Indeed there cannot be trajectories of photons in the sense of point paricles since photons don't have a position observable to begin with. A much better intuition to think about "propagation" is indeed in the sense of field theory. Heuristically it's almost always safe to say that the detection probability of one (or here when dealing with two-photon states the joint detection probability of these two) photons is proportional to the energy density (or the energy flux) at the place of the detector (or in the case of the two-photons the two-particle correlation operator of the energy density).

An item of interest about this particular experiment is that, if I'm understanding it correctly, it allows you to test specifically for a Fock state--i.e., it distinguishes a Fock state from other possible states such as coherent states, by the vanishing coincidence count (a coherent state would not have a coincidence count of zero, within error bars, in this experiment).

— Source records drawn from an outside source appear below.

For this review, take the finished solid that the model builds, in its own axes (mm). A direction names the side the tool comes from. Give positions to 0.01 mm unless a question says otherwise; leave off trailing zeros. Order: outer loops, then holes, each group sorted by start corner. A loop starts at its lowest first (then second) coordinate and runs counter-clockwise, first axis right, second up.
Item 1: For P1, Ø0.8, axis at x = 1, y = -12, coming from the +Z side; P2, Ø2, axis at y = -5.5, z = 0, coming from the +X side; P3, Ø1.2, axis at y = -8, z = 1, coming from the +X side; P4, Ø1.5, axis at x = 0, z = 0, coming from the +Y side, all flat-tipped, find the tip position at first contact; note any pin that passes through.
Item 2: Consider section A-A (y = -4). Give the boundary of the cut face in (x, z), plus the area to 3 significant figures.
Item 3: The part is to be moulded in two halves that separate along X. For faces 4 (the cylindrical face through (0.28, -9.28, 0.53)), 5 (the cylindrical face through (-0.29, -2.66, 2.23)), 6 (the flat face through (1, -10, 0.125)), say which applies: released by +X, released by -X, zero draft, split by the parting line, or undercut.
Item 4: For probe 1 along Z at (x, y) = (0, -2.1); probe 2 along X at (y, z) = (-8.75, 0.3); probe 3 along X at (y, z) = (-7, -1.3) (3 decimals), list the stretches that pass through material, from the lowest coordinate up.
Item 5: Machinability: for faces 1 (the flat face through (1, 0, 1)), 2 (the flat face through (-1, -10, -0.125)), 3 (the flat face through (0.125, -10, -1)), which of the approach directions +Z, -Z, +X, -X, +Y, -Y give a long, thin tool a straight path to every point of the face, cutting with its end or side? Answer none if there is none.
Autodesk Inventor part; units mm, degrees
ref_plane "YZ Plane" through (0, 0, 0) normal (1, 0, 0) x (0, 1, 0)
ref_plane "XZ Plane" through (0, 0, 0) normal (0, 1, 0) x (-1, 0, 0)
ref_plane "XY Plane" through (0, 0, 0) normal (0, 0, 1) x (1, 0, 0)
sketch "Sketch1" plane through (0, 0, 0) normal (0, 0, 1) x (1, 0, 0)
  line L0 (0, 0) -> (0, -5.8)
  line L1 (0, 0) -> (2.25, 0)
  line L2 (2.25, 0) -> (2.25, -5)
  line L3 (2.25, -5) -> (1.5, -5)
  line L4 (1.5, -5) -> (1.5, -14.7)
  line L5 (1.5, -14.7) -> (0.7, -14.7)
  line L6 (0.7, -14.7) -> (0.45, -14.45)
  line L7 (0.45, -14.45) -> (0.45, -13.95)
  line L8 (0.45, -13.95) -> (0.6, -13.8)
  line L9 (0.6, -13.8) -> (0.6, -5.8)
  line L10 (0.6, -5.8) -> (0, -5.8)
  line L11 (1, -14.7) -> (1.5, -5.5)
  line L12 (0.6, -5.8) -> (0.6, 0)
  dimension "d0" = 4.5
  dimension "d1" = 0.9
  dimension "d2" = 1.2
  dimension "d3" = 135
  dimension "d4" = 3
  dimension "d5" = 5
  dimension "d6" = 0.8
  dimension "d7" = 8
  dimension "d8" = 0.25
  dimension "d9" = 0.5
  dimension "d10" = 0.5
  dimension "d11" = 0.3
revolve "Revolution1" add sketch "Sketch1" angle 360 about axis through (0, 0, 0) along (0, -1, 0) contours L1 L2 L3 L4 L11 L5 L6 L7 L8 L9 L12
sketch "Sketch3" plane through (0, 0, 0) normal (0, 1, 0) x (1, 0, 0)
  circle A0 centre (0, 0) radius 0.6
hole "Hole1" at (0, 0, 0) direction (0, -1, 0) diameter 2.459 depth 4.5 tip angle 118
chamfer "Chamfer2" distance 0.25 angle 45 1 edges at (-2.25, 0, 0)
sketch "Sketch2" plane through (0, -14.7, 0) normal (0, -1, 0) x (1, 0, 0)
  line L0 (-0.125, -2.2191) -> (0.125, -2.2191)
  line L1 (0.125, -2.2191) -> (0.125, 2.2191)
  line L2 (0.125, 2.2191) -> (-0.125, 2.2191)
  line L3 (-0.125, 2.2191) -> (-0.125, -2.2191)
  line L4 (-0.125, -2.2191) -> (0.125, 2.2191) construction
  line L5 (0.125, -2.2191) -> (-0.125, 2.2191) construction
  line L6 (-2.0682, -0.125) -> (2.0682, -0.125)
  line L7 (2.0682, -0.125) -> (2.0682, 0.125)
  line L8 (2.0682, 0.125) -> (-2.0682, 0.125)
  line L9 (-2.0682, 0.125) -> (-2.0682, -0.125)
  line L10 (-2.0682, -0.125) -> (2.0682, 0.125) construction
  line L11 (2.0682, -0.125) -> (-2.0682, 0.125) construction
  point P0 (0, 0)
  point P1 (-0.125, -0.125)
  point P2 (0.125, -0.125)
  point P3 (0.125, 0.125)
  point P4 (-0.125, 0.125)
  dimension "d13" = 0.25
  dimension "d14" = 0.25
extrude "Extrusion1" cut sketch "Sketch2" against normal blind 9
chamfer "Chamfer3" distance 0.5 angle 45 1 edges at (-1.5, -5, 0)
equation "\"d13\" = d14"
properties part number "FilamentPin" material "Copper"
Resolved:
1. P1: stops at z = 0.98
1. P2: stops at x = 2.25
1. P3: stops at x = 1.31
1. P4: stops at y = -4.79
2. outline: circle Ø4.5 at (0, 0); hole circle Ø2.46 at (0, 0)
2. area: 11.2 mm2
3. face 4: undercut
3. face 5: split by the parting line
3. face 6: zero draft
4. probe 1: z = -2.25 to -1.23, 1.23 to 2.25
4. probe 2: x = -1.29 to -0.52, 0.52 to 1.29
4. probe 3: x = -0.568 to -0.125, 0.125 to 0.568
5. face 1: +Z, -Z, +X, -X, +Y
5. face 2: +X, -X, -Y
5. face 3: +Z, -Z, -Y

Yes, these kind of experiments are indeed the only clear demonstration that the electromagnetic field must be quantized. For a long time, i.e., before it was possible to prepare true photon Fock states in a reliably efficient way, the only (indirect) hint that the em. field has to be quantized was spontaneous emission. Otherwise you get very far with the semiclassical approximation, i.e., quantizing only the "matter" (particularly the electrons in atomic, molecular and condensed matter physics) and keeping the em. field as "classical": That explains, on the tree level, among other things, the photoelectric effect and Compton scattering, which are often falsely quoted as evidence for em-field quantization ;-).

 

[bob012345]

Indeed there cannot be trajectories of photons in the sense of point particles since photons don't have a position observable to begin with. A much better intuition to think about "propagation" is indeed in the sense of field theory. Heuristically it's almost always safe to say that the detection probability of one (or here when dealing with two-photon states the joint detection probability of these two) photons is proportional to the energy density (or the energy flux) at the place of the detector (or in the case of the two-photons the two-particle correlation operator of the energy density).

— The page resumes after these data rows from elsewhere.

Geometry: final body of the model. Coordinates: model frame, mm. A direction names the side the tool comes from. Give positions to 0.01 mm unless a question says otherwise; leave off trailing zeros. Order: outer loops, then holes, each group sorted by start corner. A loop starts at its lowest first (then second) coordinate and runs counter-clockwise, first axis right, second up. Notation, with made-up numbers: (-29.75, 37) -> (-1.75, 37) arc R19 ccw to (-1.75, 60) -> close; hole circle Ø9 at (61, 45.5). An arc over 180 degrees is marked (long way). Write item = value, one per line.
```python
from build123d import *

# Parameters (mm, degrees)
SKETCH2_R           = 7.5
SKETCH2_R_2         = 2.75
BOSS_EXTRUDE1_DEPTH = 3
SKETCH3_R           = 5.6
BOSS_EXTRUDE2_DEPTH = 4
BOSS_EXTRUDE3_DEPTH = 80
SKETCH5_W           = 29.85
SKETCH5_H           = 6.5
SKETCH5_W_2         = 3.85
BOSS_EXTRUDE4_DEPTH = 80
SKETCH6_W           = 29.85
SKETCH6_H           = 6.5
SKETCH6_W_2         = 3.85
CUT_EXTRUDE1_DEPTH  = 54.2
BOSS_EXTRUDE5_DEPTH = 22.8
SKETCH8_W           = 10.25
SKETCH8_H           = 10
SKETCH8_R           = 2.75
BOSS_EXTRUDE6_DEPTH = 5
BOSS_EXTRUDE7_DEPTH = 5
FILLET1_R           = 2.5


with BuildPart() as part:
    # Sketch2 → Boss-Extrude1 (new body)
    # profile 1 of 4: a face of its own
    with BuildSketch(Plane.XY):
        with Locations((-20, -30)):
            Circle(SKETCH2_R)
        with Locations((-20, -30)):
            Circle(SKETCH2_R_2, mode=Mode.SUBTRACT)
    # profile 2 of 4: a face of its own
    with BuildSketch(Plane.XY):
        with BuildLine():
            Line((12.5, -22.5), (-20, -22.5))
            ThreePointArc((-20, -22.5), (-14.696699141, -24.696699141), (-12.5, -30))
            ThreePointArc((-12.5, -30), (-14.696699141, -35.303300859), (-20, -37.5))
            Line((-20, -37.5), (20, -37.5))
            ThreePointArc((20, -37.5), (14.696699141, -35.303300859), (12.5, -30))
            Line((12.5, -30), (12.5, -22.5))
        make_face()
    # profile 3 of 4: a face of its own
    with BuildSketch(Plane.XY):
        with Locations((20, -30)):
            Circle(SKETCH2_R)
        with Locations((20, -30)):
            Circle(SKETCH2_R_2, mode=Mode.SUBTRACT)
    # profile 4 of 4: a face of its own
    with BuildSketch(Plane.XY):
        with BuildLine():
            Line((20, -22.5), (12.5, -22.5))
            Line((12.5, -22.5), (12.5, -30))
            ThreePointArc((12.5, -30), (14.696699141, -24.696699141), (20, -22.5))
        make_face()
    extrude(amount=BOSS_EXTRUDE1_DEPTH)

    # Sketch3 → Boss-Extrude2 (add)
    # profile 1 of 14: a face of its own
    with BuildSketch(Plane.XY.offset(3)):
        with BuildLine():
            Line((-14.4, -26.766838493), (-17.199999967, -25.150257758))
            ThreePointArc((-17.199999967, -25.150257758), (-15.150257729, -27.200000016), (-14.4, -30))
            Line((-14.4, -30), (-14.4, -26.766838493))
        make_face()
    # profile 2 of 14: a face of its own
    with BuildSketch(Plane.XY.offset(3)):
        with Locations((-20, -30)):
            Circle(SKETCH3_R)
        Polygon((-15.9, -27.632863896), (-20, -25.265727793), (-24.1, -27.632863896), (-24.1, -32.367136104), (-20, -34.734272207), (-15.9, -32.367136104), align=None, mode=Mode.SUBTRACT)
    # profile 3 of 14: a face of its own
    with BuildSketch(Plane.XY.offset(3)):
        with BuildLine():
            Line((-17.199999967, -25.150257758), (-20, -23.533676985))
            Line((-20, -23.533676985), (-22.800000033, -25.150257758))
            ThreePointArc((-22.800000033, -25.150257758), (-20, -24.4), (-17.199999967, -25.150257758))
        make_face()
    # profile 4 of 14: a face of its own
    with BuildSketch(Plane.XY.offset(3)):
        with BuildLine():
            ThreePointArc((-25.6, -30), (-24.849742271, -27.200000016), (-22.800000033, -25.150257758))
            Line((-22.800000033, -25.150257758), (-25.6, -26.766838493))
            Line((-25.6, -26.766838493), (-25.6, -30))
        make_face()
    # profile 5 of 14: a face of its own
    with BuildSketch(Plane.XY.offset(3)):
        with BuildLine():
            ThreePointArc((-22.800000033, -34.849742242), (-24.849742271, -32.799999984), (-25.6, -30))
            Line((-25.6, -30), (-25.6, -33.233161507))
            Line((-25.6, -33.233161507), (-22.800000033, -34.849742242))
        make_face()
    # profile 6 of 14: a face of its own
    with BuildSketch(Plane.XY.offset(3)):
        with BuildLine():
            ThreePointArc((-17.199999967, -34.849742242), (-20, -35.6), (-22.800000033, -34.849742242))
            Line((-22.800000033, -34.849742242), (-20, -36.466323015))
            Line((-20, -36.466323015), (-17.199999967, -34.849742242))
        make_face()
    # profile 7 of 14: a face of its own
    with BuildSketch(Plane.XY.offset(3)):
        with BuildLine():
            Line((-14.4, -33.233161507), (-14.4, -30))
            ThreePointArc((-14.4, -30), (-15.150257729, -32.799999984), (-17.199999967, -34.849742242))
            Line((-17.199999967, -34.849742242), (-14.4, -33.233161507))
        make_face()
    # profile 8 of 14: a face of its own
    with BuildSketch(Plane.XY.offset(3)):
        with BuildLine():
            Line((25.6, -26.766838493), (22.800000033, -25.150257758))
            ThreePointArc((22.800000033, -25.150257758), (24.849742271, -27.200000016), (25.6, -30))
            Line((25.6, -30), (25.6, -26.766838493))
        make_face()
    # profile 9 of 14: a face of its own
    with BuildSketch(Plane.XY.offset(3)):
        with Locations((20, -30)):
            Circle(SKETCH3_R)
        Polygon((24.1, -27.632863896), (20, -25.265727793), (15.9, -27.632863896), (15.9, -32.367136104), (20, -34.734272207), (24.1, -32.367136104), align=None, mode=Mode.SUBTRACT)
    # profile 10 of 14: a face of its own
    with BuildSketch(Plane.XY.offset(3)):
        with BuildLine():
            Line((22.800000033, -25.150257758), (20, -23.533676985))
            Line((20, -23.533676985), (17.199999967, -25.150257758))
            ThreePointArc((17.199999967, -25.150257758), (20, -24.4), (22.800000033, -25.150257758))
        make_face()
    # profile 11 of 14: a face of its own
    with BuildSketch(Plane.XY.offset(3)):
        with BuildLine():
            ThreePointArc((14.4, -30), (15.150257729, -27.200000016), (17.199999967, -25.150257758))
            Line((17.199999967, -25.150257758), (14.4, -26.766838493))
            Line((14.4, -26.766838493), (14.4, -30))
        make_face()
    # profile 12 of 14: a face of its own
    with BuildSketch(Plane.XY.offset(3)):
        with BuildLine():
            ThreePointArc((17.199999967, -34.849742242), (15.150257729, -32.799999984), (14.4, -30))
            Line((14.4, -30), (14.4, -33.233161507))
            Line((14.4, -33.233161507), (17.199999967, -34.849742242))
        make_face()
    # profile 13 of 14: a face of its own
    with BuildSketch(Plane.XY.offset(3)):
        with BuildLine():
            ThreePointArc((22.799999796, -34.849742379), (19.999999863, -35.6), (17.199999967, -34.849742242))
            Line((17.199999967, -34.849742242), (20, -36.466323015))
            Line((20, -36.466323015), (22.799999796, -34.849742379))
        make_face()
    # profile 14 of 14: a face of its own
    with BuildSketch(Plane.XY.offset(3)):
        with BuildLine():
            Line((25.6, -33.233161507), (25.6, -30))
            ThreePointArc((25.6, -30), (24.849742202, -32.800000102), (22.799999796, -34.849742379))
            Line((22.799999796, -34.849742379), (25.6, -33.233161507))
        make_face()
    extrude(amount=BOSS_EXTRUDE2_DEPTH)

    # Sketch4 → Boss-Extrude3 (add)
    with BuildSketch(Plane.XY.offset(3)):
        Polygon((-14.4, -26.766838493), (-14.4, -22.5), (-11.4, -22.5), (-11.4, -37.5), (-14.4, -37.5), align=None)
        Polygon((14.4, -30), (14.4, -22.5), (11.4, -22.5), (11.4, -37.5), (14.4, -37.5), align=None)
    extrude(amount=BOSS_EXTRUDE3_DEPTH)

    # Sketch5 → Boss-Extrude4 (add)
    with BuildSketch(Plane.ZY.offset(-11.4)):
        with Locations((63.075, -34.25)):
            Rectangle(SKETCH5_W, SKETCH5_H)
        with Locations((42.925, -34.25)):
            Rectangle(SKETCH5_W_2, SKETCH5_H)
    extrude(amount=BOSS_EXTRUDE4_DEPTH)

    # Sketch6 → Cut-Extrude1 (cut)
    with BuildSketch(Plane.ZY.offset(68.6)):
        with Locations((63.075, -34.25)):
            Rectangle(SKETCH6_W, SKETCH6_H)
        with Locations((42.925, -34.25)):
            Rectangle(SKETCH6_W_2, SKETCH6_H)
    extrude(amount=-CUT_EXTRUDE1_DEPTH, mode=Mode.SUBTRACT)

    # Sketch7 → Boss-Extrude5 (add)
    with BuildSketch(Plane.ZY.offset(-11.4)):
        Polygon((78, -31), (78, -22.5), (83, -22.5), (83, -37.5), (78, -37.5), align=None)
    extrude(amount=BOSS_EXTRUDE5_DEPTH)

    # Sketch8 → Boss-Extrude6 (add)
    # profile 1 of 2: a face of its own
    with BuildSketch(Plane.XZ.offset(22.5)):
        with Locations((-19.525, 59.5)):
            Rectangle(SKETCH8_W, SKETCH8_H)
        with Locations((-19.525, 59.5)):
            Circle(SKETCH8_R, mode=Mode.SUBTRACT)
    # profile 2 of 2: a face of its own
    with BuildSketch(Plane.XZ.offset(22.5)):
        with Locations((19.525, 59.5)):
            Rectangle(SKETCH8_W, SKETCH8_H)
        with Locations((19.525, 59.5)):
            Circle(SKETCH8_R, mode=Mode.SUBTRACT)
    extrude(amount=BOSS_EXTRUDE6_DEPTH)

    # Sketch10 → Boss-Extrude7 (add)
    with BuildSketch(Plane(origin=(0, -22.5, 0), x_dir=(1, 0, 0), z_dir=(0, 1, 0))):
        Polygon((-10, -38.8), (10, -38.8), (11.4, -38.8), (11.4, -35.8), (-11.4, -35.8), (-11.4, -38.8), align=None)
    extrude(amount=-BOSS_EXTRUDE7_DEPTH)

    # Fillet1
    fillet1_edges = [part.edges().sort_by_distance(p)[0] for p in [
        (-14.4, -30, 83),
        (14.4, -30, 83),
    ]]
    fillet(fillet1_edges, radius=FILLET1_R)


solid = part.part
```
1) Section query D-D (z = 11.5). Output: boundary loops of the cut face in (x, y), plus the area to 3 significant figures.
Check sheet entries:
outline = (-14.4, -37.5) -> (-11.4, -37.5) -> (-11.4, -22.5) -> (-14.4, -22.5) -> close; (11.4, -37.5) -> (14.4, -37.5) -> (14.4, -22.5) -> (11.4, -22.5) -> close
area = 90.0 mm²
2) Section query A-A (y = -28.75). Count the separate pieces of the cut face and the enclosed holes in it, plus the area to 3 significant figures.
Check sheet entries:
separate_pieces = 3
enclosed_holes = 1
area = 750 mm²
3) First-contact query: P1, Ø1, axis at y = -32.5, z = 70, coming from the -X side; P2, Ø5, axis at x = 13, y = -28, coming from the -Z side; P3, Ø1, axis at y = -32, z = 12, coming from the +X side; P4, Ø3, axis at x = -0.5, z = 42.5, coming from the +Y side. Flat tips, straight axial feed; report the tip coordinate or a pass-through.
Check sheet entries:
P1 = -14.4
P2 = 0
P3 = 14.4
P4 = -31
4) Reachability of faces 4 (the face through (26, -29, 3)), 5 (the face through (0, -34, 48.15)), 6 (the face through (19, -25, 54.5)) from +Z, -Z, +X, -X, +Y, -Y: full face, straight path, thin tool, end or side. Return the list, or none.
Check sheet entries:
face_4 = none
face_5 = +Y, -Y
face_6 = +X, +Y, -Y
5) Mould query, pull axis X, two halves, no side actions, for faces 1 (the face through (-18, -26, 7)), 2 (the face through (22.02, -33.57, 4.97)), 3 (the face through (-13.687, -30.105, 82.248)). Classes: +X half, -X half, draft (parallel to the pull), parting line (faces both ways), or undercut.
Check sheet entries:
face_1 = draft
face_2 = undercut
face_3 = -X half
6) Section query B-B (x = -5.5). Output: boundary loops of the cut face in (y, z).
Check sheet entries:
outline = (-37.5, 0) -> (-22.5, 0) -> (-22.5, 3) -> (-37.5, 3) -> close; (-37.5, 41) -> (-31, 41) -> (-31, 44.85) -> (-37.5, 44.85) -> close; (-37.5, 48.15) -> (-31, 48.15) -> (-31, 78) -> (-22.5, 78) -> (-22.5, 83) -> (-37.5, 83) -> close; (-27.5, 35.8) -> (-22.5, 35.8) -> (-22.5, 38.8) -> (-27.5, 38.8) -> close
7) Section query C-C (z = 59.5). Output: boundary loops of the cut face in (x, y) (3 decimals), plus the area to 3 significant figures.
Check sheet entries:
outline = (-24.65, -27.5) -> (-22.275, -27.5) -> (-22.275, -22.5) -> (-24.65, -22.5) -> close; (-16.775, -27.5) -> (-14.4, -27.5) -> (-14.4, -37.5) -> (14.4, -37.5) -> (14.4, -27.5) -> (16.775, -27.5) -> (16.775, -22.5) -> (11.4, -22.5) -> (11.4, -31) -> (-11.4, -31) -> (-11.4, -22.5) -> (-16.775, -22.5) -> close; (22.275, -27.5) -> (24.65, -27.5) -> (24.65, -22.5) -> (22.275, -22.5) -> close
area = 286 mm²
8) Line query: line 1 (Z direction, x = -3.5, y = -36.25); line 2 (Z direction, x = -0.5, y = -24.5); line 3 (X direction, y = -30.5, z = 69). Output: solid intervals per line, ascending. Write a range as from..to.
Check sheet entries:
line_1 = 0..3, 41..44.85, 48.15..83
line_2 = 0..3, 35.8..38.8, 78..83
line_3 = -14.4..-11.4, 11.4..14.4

So we say photons travel but don't have point particles like trajectories. Does this have anything to do with Feynman's multiple paths? Your safe heuristic above suggests skirting the issue altogether.

 

[vanhees71]

Photons cannot be described by point-particle path integrals either, because photons have no paths to begin with. Of course, it can be described by path integrals over field configurations, and that's even a very elegant method particularly for gauge theories as QED. As I said, you can safely forget about the point-particle picture for photons (if not even for all particles in the relativistic realm).

 

[Nugatory]

So we say photons travel but don't have point particles like trajectories.

You can say that, but it's unlikely to be helpful. What does the idea of "travel" add to our understanding if there is no path along which the travel happens? What happens is that in an interaction at point A some amount of energy is transferred to the electromagnetic field; we can then calculate the probability that the electromagnetic field will transfer that amount of energy to a detector at point B at some later time. Those are statements about what happens at points A and B - nothing stops you from saying that the energy "travels" from A to B but saying that doesn't tell you anything new or useful.

Does this have anything to do with Feynman's multiple paths?

No. Multiple paths is a technique for calculating these probabilities, and the paths aren't even paths through space.

Your safe heuristic above suggests skirting the issue altogether.

That's the whole point. The issue should be skirted, for about the same reason that if you asked me how much February weighs I would refuse to consider the issue of how to weigh a month.

 

[Vanadium 50]

<bracing for the inevitable followup> "Yeah, but if you could weigh February, what would it weigh?"